As I stared dumbfounded at that Castellino photo, the plumber’s news seeming sh***ier the longer I thought about it, I remembered those days when all I wanted was a quiet loft somewhere in which to write, an empty balcony to which I could escape: a cabin in the words, a writer’s studio, an Italian mountaintop villa. But this morning, like those days in the summer when Liam just would not nap, I couldn’t escape. I could not “rise above” it all. Not literally, at least.

But I remembered this morning what I realized this past summer: I can still work (creatively or otherwise) while immersed in chaotic, less-than-ideal, everyday-life circumstances. It takes intentional focus, what monks call contemplation. But it can be done. And it doesn’t involve a physical retreat from my life, which is what I crave in stressful situations: the holy monastic cell of my bed. When things get chaotic, I get exhausted, and my default reaction is to just want to sleep until everything smooths out. This drives Samantha wild, of course. And when I once pointed out that Jesus did the same thing when he fell asleep in the back of a boat after a stressful day of feeding five thousand people, Samantha pointedly informed me that I wasn’t Christ, in case I hadn’t noticed, and supper still needed to be made.

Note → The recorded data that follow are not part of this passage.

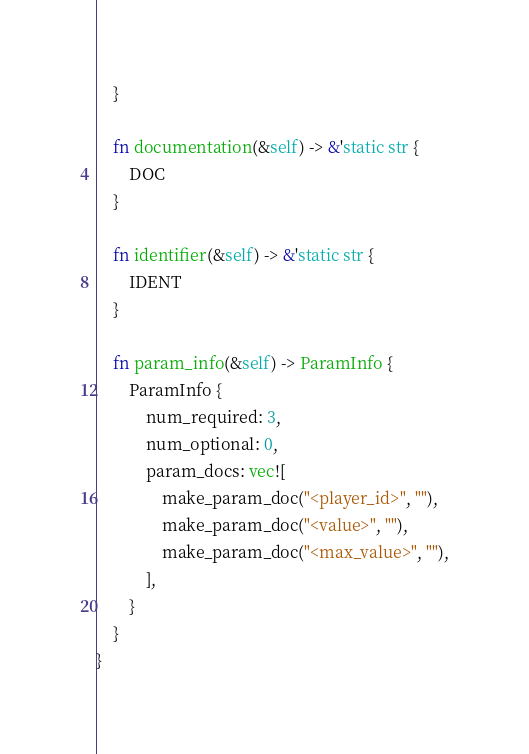Convert code to text. <code><loc_0><loc_0><loc_500><loc_500><_Rust_>    }

    fn documentation(&self) -> &'static str {
        DOC
    }

    fn identifier(&self) -> &'static str {
        IDENT
    }

    fn param_info(&self) -> ParamInfo {
        ParamInfo {
            num_required: 3,
            num_optional: 0,
            param_docs: vec![
                make_param_doc("<player_id>", ""),
                make_param_doc("<value>", ""),
                make_param_doc("<max_value>", ""),
            ],
        }
    }
}
</code> 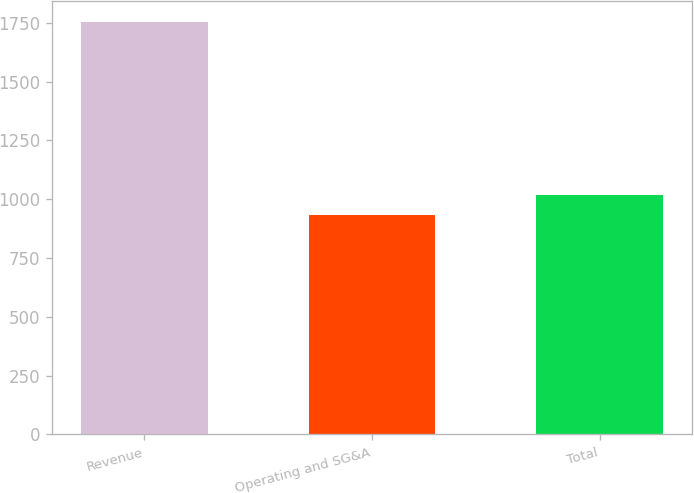Convert chart. <chart><loc_0><loc_0><loc_500><loc_500><bar_chart><fcel>Revenue<fcel>Operating and SG&A<fcel>Total<nl><fcel>1755.4<fcel>934.6<fcel>1016.68<nl></chart> 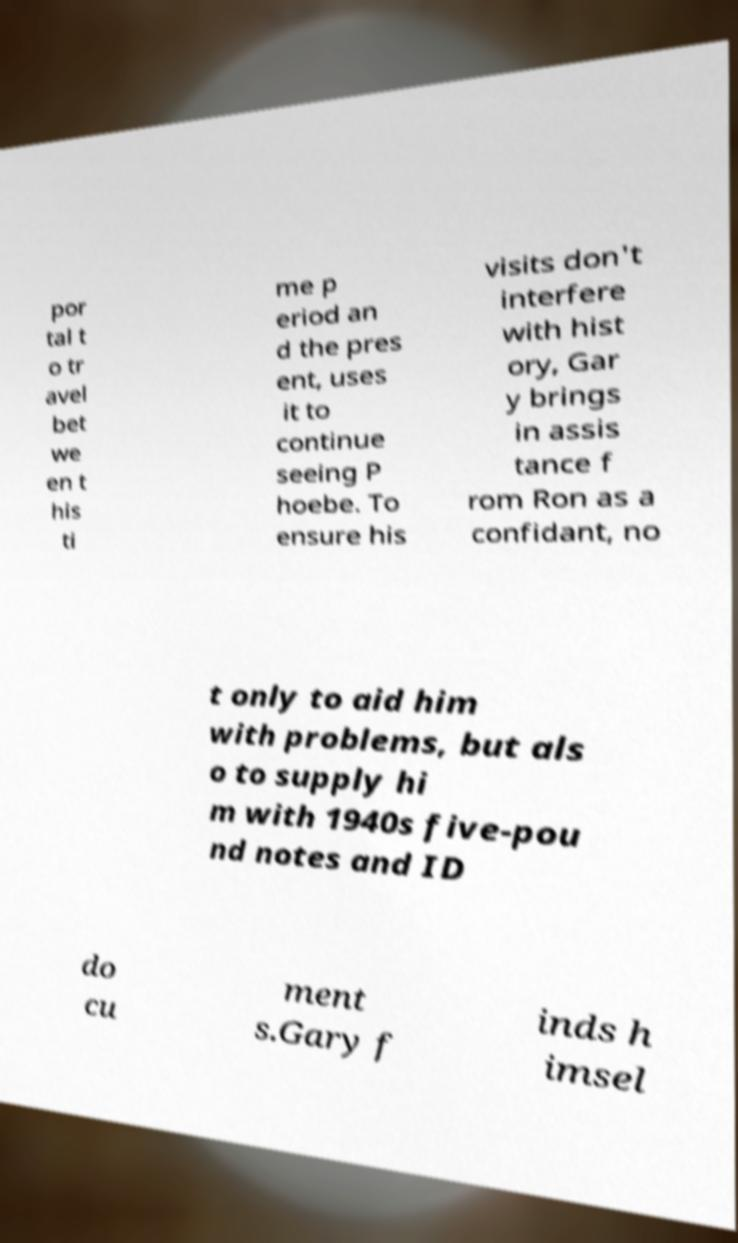Please read and relay the text visible in this image. What does it say? por tal t o tr avel bet we en t his ti me p eriod an d the pres ent, uses it to continue seeing P hoebe. To ensure his visits don't interfere with hist ory, Gar y brings in assis tance f rom Ron as a confidant, no t only to aid him with problems, but als o to supply hi m with 1940s five-pou nd notes and ID do cu ment s.Gary f inds h imsel 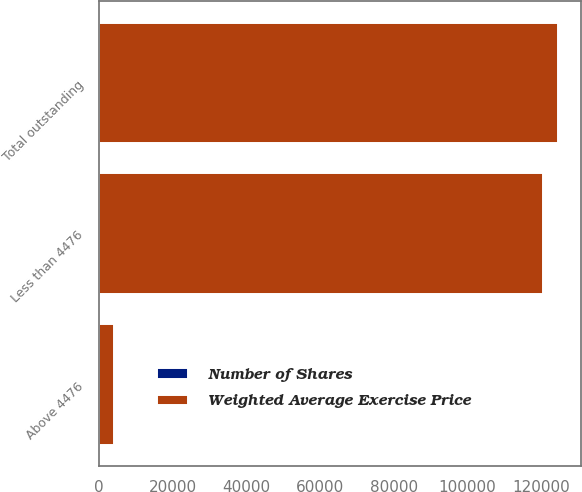<chart> <loc_0><loc_0><loc_500><loc_500><stacked_bar_chart><ecel><fcel>Less than 4476<fcel>Above 4476<fcel>Total outstanding<nl><fcel>Weighted Average Exercise Price<fcel>120418<fcel>4073<fcel>124491<nl><fcel>Number of Shares<fcel>19.84<fcel>58.66<fcel>21.11<nl></chart> 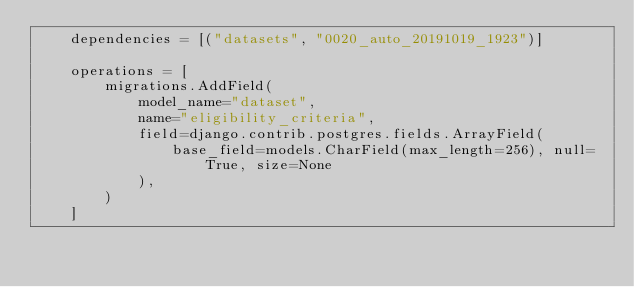Convert code to text. <code><loc_0><loc_0><loc_500><loc_500><_Python_>    dependencies = [("datasets", "0020_auto_20191019_1923")]

    operations = [
        migrations.AddField(
            model_name="dataset",
            name="eligibility_criteria",
            field=django.contrib.postgres.fields.ArrayField(
                base_field=models.CharField(max_length=256), null=True, size=None
            ),
        )
    ]
</code> 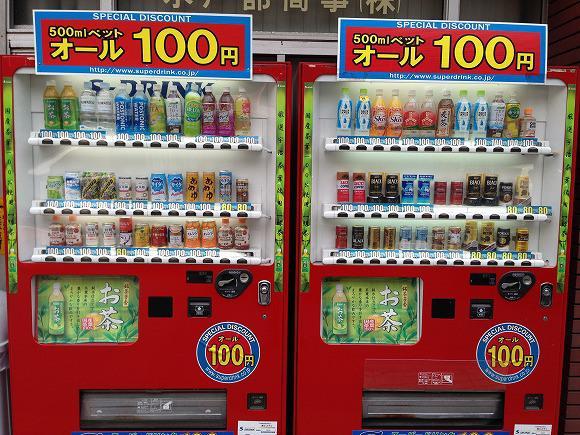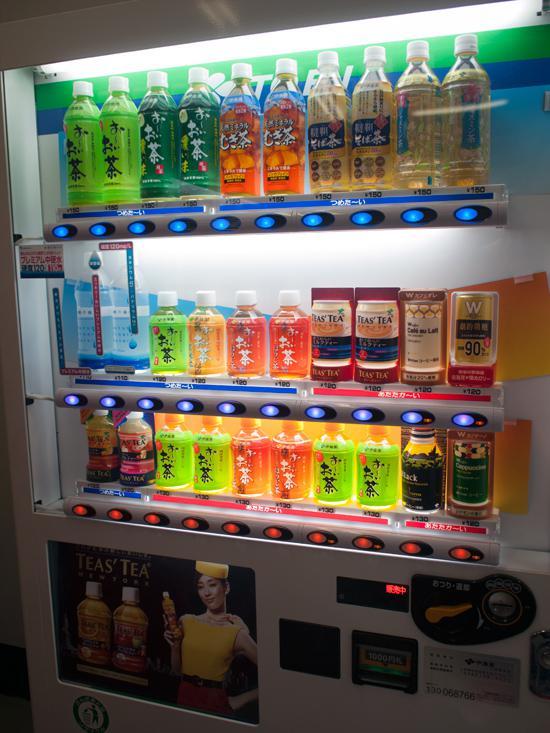The first image is the image on the left, the second image is the image on the right. For the images displayed, is the sentence "The wall against which the vending machine is placed can be seen in one of the images." factually correct? Answer yes or no. Yes. The first image is the image on the left, the second image is the image on the right. Examine the images to the left and right. Is the description "At least one vending machine has a background with bright blue predominant." accurate? Answer yes or no. No. 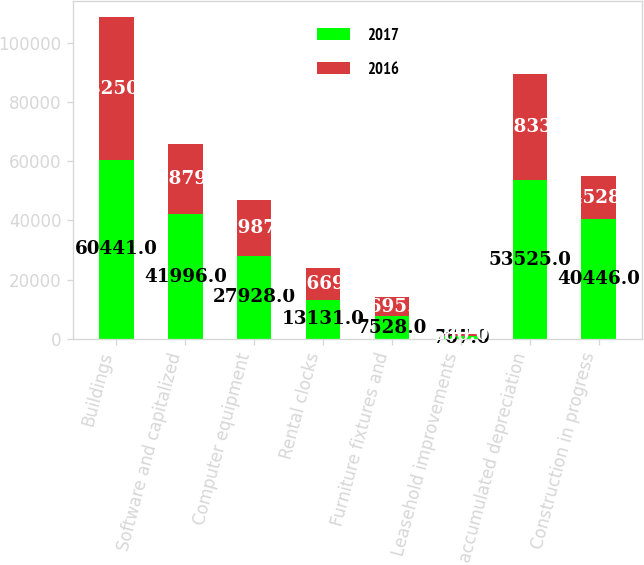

Samantha keeps me grounded, and I love her for that (and for so much more). She more-or-less reminded me this morning, when I called her to tell her about our sewer line, that I needed “get my head around this” (i.e. practice this sort of contemplation while not retreating from or “rising above” my responsibilities. There were still phone calls to be made, after all). Seeing Castellino’s photo this morning, I thought of a new term for that kind of real-world contemplation, the kind that allows me to write mentally even when I’m not at my desk.

I decided to call it “choir-lofting creativity”: the kind of imaginative contemplation that allows you to both attend to the world you find yourself in – soothing fussy kids, getting daily crap done, arranging to have whole sewer lines replaced – while imagining what all that madness might look like from a reader’s balcony perspective. Practicing choir-lofting creativity, this past summer and today, helps me read the life I have, to see the humor in it, the petty drama, the sometimes farcical beauty of these crazy times. Every stinking moment.

The craziness, after all, won’t go away. Life doesn’t stop. Not for writers, stay-at-home parents, academics, or anyone. And to be honest, I don’t want to escape. I want to write all this down, somehow. I want to pay attention. I want to be a better reader of my own life.